*** MATERIAL SUPPLIED ***
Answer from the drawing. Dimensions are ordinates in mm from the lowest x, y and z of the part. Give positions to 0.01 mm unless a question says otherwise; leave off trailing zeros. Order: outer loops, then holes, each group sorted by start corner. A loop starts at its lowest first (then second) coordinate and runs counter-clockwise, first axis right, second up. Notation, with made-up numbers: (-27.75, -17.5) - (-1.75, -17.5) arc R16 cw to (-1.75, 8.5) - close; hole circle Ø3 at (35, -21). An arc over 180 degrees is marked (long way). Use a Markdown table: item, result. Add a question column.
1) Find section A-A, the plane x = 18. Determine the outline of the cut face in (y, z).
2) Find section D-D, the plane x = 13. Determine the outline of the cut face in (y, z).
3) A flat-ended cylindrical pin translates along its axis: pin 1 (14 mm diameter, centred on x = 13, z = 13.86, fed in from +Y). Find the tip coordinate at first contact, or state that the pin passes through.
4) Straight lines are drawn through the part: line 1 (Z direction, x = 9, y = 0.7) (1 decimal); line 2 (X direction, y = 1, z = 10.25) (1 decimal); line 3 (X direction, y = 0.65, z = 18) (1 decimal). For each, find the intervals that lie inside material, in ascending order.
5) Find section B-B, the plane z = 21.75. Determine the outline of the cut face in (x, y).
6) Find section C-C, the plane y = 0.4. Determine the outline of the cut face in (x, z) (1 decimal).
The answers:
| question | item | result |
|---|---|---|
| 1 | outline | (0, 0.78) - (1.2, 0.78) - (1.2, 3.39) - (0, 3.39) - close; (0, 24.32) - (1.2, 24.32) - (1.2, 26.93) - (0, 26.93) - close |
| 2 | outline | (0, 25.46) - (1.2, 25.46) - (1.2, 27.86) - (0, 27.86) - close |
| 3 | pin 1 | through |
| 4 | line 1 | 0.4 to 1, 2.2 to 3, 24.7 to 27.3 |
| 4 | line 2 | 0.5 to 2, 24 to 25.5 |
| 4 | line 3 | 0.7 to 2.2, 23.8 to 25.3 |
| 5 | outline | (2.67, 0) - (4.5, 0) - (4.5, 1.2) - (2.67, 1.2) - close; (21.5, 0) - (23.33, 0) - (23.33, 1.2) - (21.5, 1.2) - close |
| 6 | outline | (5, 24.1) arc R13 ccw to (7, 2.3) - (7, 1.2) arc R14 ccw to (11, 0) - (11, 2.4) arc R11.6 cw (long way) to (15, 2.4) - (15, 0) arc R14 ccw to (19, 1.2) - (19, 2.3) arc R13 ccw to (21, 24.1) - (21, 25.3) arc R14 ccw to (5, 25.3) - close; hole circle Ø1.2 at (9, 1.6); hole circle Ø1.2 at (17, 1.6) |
*** End of MATERIAL SUPPLIED ***
**ASSIGNED TASK**
Beginning of the records through the line with "4) Straight lines": return that span exactly and stop there.

**ANSWER SECTION**
Answer from the drawing. Dimensions are ordinates in mm from the lowest x, y and z of the part. Give positions to 0.01 mm unless a question says otherwise; leave off trailing zeros. Order: outer loops, then holes, each group sorted by start corner. A loop starts at its lowest first (then second) coordinate and runs counter-clockwise, first axis right, second up. Notation, with made-up numbers: (-27.75, -17.5) - (-1.75, -17.5) arc R16 cw to (-1.75, 8.5) - close; hole circle Ø3 at (35, -21). An arc over 180 degrees is marked (long way). Use a Markdown table: item, result. Add a question column.
1) Find section A-A, the plane x = 18. Determine the outline of the cut face in (y, z).
2) Find section D-D, the plane x = 13. Determine the outline of the cut face in (y, z).
3) A flat-ended cylindrical pin translates along its axis: pin 1 (14 mm diameter, centred on x = 13, z = 13.86, fed in from +Y). Find the tip coordinate at first contact, or state that the pin passes through.
4) Straight lines are drawn through the part: line 1 (Z direction, x = 9, y = 0.7) (1 decimal); line 2 (X direction, y = 1, z = 10.25) (1 decimal); line 3 (X direction, y = 0.65, z = 18) (1 decimal). For each, find the intervals that lie inside material, in ascending order.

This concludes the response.